Scott-McGregor had agreed on the phone to an interview but had told Crowhurst it would be useless: they knew nothing about ‘those people’. Theirs was one of the newer and smaller houses in this part of St John’s Wood, a 1950s redbrick of uninspiring design. And its occupants, Wexford thought, looked the kind of people who would never want to draw attention to themselves. They were strangely alike, both in their late thirties, of medium height, mousy-haired and with unmemorable features. Before she let them in, Sophie Baird greeted them on the doorstep with a little speech as to why, though her partner ran a removal company and she worked as a chief executive’s PA, neither of them was at work that day. Once they were in the living room, a place which for dullness matched its owners, Wexford let Crowhurst take the initiative. He began by speaking of Orcadia Cottage, but Scott-McGregor cut him short.
‘We know all that. You’d have to be deaf and blind not to know it.’
‘What we would like to talk about,’ Miles said, somewhat taken aback by this sharpness, ‘is if you have any knowledge of the house. If, for instance, you had ever been in there or in the patio at the back.’
Sophie Baird said, ‘Inside Orcadia Cottage, you mean?’
‘That’s right. Inside the house or in the patio while Mr Rokeby lived there.’
‘I went in there to a sort of house-warming party when the Silvermans moved in,’ said Sophie Baird. ‘That would have been – well, at least ten years ago. Long before John moved in with me.’
‘You were friends with these people? The Silvermans, I mean?’
‘Not really. They were American and you know how Americans are, very friendly, speak to everyone. Devora and I, we got talking in the street, something about where was the best butchers and the next thing was they were asking me to their party. I wanted to see the inside of the house again.’
‘Again?’ Wexford was suddenly alerted.
‘Oh, yes, didn’t I say? My parents owned this house and I lived here till I was eighteen. My father had this house built.’
‘But Orcadia Cottage? Your parents knew the Mertons?’
Sophie Baird looked at Wexford as if she thought he must be deaf or perhaps senile. ‘Oh, yes, didn’t I say? I’m sure I said. They were friends. My dad and Franklin were partners in a firm of accountants in the City. We were often in Orcadia Cottage. I was sure I’d said.’
‘No, Ms Baird, but never mind. Would you like to tell us what you remember about it?’
‘Well, I went there when I was a child, but mostly my dad and mum went there for dinner or drinks, that sort of thing. Only Mum got so she went off Harriet – that was Mrs Merton – and said Dad could go alone, she wasn’t going to. I suppose the last time
I went there would have been in about nineteen eighty-two or three.’

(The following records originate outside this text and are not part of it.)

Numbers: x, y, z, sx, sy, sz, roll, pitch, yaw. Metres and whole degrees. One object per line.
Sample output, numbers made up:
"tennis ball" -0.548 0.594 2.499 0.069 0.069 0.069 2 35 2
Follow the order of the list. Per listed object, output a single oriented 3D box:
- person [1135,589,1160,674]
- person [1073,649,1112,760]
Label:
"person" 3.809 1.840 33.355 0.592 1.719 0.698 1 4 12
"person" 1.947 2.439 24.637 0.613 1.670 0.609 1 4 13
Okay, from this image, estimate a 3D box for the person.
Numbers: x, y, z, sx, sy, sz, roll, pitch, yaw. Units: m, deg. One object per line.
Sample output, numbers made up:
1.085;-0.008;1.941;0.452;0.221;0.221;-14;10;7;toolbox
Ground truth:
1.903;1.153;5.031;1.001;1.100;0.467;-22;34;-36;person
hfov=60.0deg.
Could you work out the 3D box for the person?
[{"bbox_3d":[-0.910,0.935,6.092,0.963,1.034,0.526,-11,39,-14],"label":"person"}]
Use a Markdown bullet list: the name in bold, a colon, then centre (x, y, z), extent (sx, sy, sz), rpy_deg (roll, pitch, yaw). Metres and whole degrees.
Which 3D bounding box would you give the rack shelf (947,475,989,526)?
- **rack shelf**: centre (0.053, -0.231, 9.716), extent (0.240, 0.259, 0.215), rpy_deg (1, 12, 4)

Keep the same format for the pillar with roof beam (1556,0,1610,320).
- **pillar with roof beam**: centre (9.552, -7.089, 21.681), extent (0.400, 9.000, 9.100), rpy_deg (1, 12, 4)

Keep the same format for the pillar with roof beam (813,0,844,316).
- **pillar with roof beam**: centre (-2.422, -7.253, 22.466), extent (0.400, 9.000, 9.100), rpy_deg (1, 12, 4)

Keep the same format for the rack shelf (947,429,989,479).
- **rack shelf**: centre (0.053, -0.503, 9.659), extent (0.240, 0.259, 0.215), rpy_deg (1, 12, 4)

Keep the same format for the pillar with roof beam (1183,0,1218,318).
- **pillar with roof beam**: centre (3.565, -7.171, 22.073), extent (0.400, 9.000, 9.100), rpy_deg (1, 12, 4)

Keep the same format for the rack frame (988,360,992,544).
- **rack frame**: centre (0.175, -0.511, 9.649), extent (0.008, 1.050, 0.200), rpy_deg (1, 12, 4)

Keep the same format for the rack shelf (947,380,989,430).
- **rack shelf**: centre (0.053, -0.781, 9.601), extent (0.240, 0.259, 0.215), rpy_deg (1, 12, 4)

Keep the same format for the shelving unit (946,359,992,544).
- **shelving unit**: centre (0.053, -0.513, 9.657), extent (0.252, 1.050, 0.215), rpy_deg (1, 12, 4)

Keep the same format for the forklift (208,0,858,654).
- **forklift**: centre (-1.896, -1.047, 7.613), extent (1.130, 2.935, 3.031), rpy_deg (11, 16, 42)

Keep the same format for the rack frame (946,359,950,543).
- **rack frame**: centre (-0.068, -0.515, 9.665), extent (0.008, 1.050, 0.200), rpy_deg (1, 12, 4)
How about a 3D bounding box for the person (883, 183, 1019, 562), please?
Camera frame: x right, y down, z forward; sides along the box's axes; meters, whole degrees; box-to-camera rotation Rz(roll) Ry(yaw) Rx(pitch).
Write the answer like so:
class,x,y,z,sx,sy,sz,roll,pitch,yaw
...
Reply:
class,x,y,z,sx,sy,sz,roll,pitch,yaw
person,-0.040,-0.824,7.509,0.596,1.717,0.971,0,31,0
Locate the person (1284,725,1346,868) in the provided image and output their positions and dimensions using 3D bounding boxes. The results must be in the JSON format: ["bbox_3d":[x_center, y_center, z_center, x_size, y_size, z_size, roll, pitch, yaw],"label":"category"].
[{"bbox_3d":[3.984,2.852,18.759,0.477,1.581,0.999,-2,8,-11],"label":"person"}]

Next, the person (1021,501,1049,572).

‘Can you remember the house?’
‘I’ll tell you what I do remember.’ Sophie suddenly became animated. She looked quite pretty, showing white even teeth in a broad smile. ‘I remember the cellar. I’d never been in one before. I was about eight. Harriet was going down into the cellar to fetch something and I said could I come and we went down the stairs from the hall. She was never very nice to me, I don’t think she liked children, but she let me go down there with her and she showed me the coal hole. They didn’t have coal there any more …’
‘The stairs,’ said Wexford. ‘The stairs went down from the hall?’
‘That’s right. One flight went up and another went down to the cellar. Haven’t you been in there?’
Neither Wexford nor Miles Crowhurst answered her. ‘Did you go out into the patio?’ Wexford asked and almost before the words were out Scott-McGregor interrupted, ‘What is all this in aid of?’
‘We won’t be long, Mr Scott-McGregor. Believe me, Ms Baird’s information may be very useful. Did you go out to the patio, Ms Baird?’
‘Not that time. I went another time. The first time I went there was this manhole with a cover on it. Is that the sort of thing you want to know?’
‘Yes, please.’
‘Well, the second time – I was about ten – there was a pot with plants on it standing on the manhole cover so that you couldn’t see it. Did you know that Harriet was the girl in Simon Alpheton’s painting? She didn’t look much like it when I knew her.’